Image of JonathanGilligan

Jonathan Gilligan

Associate Professor of Earth and Environmental Sciences

Expert on the impact of human behavior and public policy on climate, with a focus on how small changes add up to make big differences.

Biography

Jonathan M Gilligan is Associate Professor of Earth and Environmental Sciences and Associate Professor of Civil and Environmental Engineering at Vanderbilt University. He is Associate Director for Research at the Vanderbilt Climate Change Research Network, a member of the Vanderbilt Institute for Energy and Environment, the Vanderbilt Initiative for Smart-city Operations Research and a founding member of the Erdős Institute for Collaboration, Innovation, and Entrepreneurship. In 2017, Gilligan and Michael Vandenbergh received the Morrison Prize, awarded by the program in Law and Sustainability at Arizona State University to the highest-impact paper on sustainability law and policy published in the previous year. He is the author of one book and over 86 scholarly articles. He is also co-author, with Carol Gilligan, of the play “The Scarlet Letter” and the libretto for the opera “Pearl.”

Media Appearances

  • Tips to make laundry day more gentle on the environment

    But it’s getting easier to clean your clothes while staying green. “You do have to wash your clothes, but you can do a very good job of minimizing the impact,” says Jonathan Gilligan, an associate professor of earth and environmental sciences at Vanderbilt University who has studied the effects of individual actions on greenhouse gas emissions. Although one consumer’s decision to switch to a more efficient washer isn’t going to counter the cumulative effects of major industries on its own, he says “it can have an effect.” Individual actions add up.

    May 18th, 2021

  • This past winter in Nashville was unusually warm and rainy. And it looks like spring will be, too.

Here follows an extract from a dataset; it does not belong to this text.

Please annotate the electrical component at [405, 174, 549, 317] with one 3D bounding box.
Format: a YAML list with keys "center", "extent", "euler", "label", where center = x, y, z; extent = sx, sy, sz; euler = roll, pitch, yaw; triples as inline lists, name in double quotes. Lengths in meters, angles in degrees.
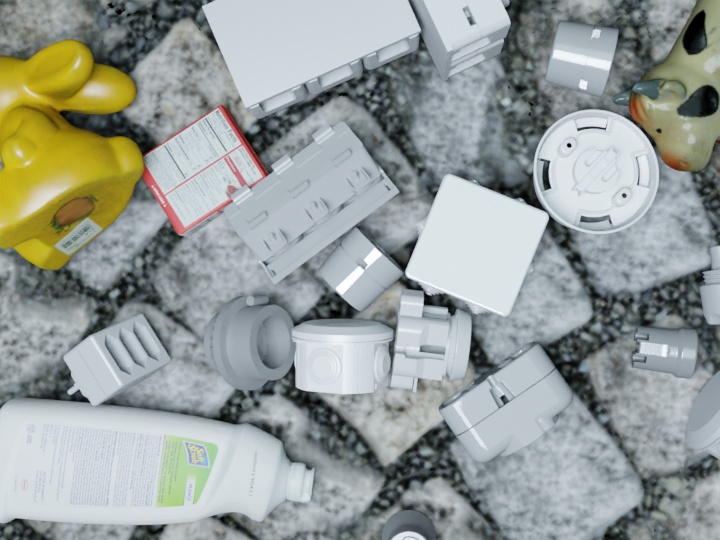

    "Winters have gotten so warm in the last 20 or so years that people forget. Weather that wouldn't have been remarkably cold 30 or 40 years ago seems extraordinarily cold today," said Jonathan Gilligan, associate professor of earth and environmental sciences at Vanderbilt University.

    March 19th, 2019

  • Sewage, storms and public health: How aging infrastructure hurts small Tennessee towns

    Studies show there is “high confidence that extreme rainfall has become more common over North America and the United States," said Jonathan Gilligan, professor in the Department of Earth and Environmental Sciences at Vanderbilt. Scientists have "medium confidence that the change is because of human influence on climate,” he added.

    October 10th, 2018

  • This is why Nashville's transit plan, as proposed, is the only option

    Some have suggested that the “Let’s Move Nashville” plan, on the Metro ballot May 1, is deficient because it relies too heavily on mass transit and won’t reduce traffic congestion. We are confident that the plan can reduce congestion and, what’s more, provide multiple convenient, affordable transportation options for everyone who needs them. Expanding the system’s total capacity with light rail corridors will improve the quality of life for current and future residents who desire development that’s also pedestrian-oriented, not auto-centric.

    March 24th, 2018

  • Faced with government inaction, private firms emerge as major players in climate change mitigation

    In a thoughtful and far-ranging new book, Michael P. Vandenbergh and Jonathan M. Gilligan turn that view upside down. Both from Vanderbilt University—Vandenbergh a lawyer and Gilligan a professor of civil and environmental engineering—the authors help explain why firms from Coca-Cola to UPS are motivated to be leaders in cutting emissions. That leadership helped pave the road to the Paris Agreement and has been a growing source of political support for the accord even as the Trump Administration has announced that the United States will pull out.

    December 18th, 2017

  • Government action isn’t enough for climate change. The private sector can cut billions of tons of carbon

    With President Trump’s announcement to pull the United States out of the Paris Agreement, many other countries around the world – and cities and states within the U.S. – are stepping up their commitments to address climate change. But one thing is clear: Even if all the remaining participating nations do their part, governments alone can’t substantially reduce the risk of catastrophic climate change.